Below is an example of a generic classifier that can distinguish between cats and dogs, which is meant to teach you how to use the LLM classifier and which you can easily modify to your own classes.

from lamini import LaminiClassifier

llm = LaminiClassifier()

prompts={
  "cat": "Cats are generally more independent and aloof than dogs, who are often more social and affectionate. Cats are also more territorial and may be more aggressive when defending their territory.  Cats are self-grooming animals, using their tongues to keep their coats clean and healthy. Cats use body language and vocalizations, such as meowing and purring, to communicate.",
  "dog": "Dogs are more pack-oriented and tend to be more loyal to their human family.  Dogs, on the other hand, often require regular grooming from their owners, including brushing and bathing. Dogs use body language and barking to convey their messages. Dogs are also more responsive to human commands and can be trained to perform a wide range of tasks.",
}

llm.prompt_train(prompts)

llm.save("models/my_model.lamini")

Then, predict!

llm.predict(["meow"])
>> ["cat"]

llm.predict(["meow", "woof"])
>> ["cat", "dog"]

Optionally, add any data. This can help with improving your classifier. For example, if the LLM is ever wrong:

llm.predict(["i like milk", "i like bones"])
>> ["dog", "cat"] # wrong!

You can correct the LLM by adding those examples as data. And your LLM classifier will learn it:

llm = LaminiClassifier()

llm.add_data_to_class("cat", "i like milk.")
llm.add_data_to_class("dog", ["i like bones"]) # list of examples is valid too

llm.prompt_train(prompts)

llm.predict(["i like milk", "i like bones"])
>> ["cat", "dog"] # correct!

If you include data on classes that aren't in your classes, then the classifier will include them as new classes, and learn to predict them. However, without a prompt, it won't have a description to use to further boost them.
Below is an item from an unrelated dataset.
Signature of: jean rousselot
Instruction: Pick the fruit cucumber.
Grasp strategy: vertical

General guideline: if you don't have any or little data on a class, then make sure to include a good prompt for it. Like prompt-engineering any LLM, creating good descriptions---e.g. with details and examples---helps the LLM get the right thing.

Run now

./train.sh

We have some default classes. You can specify your own super easily like this:

./train.sh --class "cat: CAT_PROMPT" --class "dog: DOG_PROMPT"
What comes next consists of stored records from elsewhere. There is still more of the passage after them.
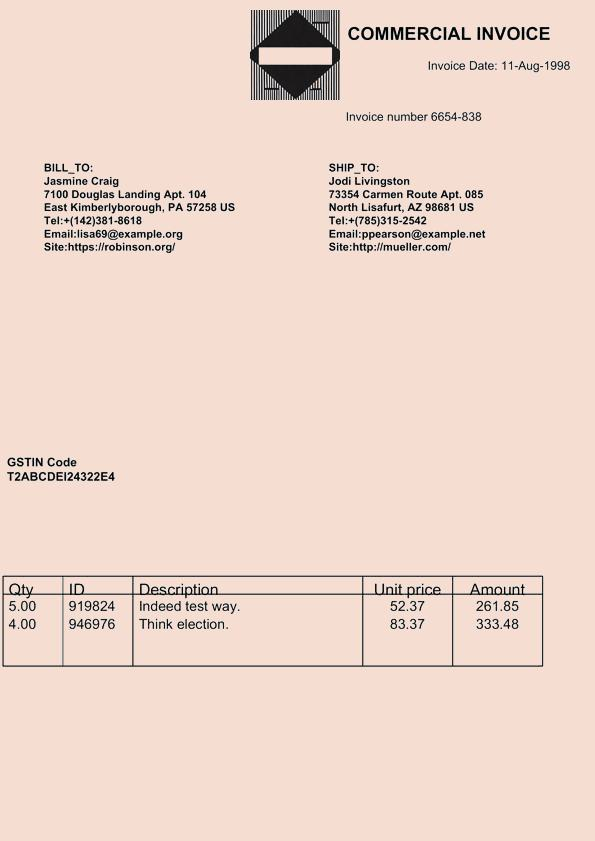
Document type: Invoice
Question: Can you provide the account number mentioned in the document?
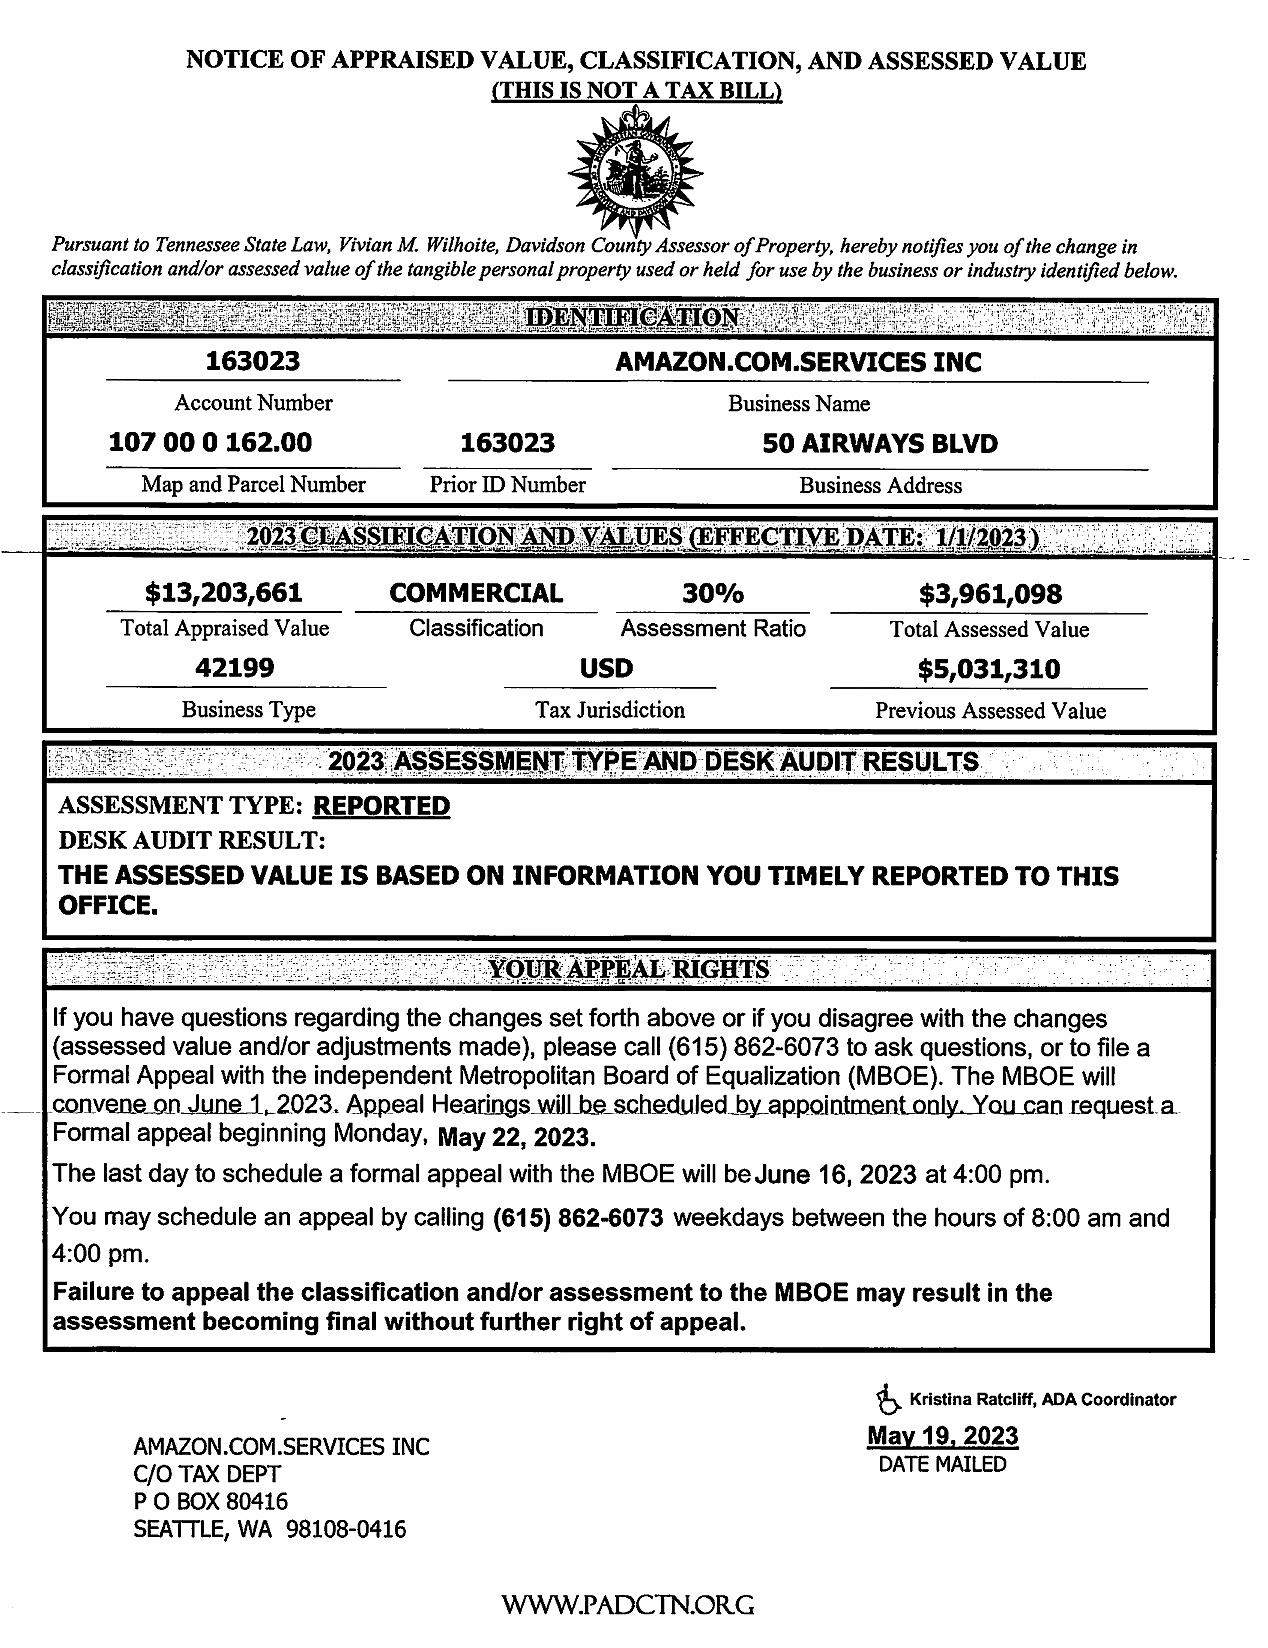
Answer: "107 00 0 162.00"

The prompts are descriptions of your classes.

./classify.sh 'woof'

You can get the probabilities for all the classes, in this case dog (62%) and cat (38%). These can help with gauging uncertainty.

{
 'data': 'woof',
 'prediction': 'dog',
 'probabilities': array([0.37996491, 0.62003509])
}

Here are our cat/dog prompts.

Cat prompt:

Cats are generally more independent and aloof. Cats are also more territorial and may be more aggressive when defending their territory.
Cats are self-grooming animals, using their tongues to keep their coats clean and healthy. Cats use body language and vocalizations,
such as meowing and purring, to communicate.  An example cat is whiskers, who is a cat who lives in a house with a human.
Another example cat is furball, who likes to eat food and sleep.  A famous cat is garfield, who is a cat who likes to eat lasagna.

Dog prompt:

Dogs are social animals that live in groups, called packs, in the wild. They are also highly intelligent and trainable.
Dogs are also known for their loyalty and affection towards their owners. Dogs are also known for their ability to learn and
perform a variety of tasks, such as herding, hunting, and guarding.  An example dog is snoopy, who is the best friend of
charlie brown.  Another example dog is clifford, who is a big red dog.

./classify.sh --data "I like to sharpen my claws on the furniture." --data "I like to roll in the mud." --data "I like to run any play with a ball." --data "I like to sleep under the bed and purr." --data "My owner is charlie brown." --data "Meow, human! I'm famished! Where's my food?" --data "Purr-fect." --data "Hiss! Who dared to wake me from my nap? I'll have my revenge... later." --data "I'm so happy to see you! Can we go for a walk/play fetch/get treats now?" --data "I'm feeling a little ruff today, can you give me a belly rub to make me feel better?"

{'data': 'I like to sharpen my claws on the furniture.',
 'prediction': 'cat',
 'probabilities': array([0.55363432, 0.44636568])}
{'data': 'I like to roll in the mud.',
 'prediction': 'dog',
 'probabilities': array([0.4563782, 0.5436218])}
{'data': 'I like to run any play with a ball.',
 'prediction': 'dog',
 'probabilities': array([0.44391914, 0.55608086])}
{'data': 'I like to sleep under the bed and purr.',
 'prediction': 'cat',
 'probabilities': array([0.51146226, 0.48853774])}
{'data': 'My owner is charlie brown.',
 'prediction': 'dog',
 'probabilities': array([0.40052991, 0.59947009])}
{'data': "Meow, human! I'm famished! Where's my food?",
 'prediction': 'cat',
 'probabilities': array([0.5172964, 0.4827036])}
{'data': 'Purr-fect.',
 'prediction': 'cat',
 'probabilities': array([0.50431873, 0.49568127])}
{'data': "Hiss! Who dared to wake me from my nap? I'll have my revenge... "
         'later.',
 'prediction': 'cat',
 'probabilities': array([0.50088163, 0.49911837])}
{'data': "I'm so happy to see you! Can we go for a walk/play fetch/get treats "
         'now?',
 'prediction': 'dog',
 'probabilities': array([0.42178513, 0.57821487])}
{'data': "I'm feeling a little ruff today, can you give me a belly rub to make "
         'me feel better?',
 'prediction': 'dog',
 'probabilities': array([0.46141002, 0.53858998])}

Installation

Clone this repo, and run the train.sh or classify.sh command line tools.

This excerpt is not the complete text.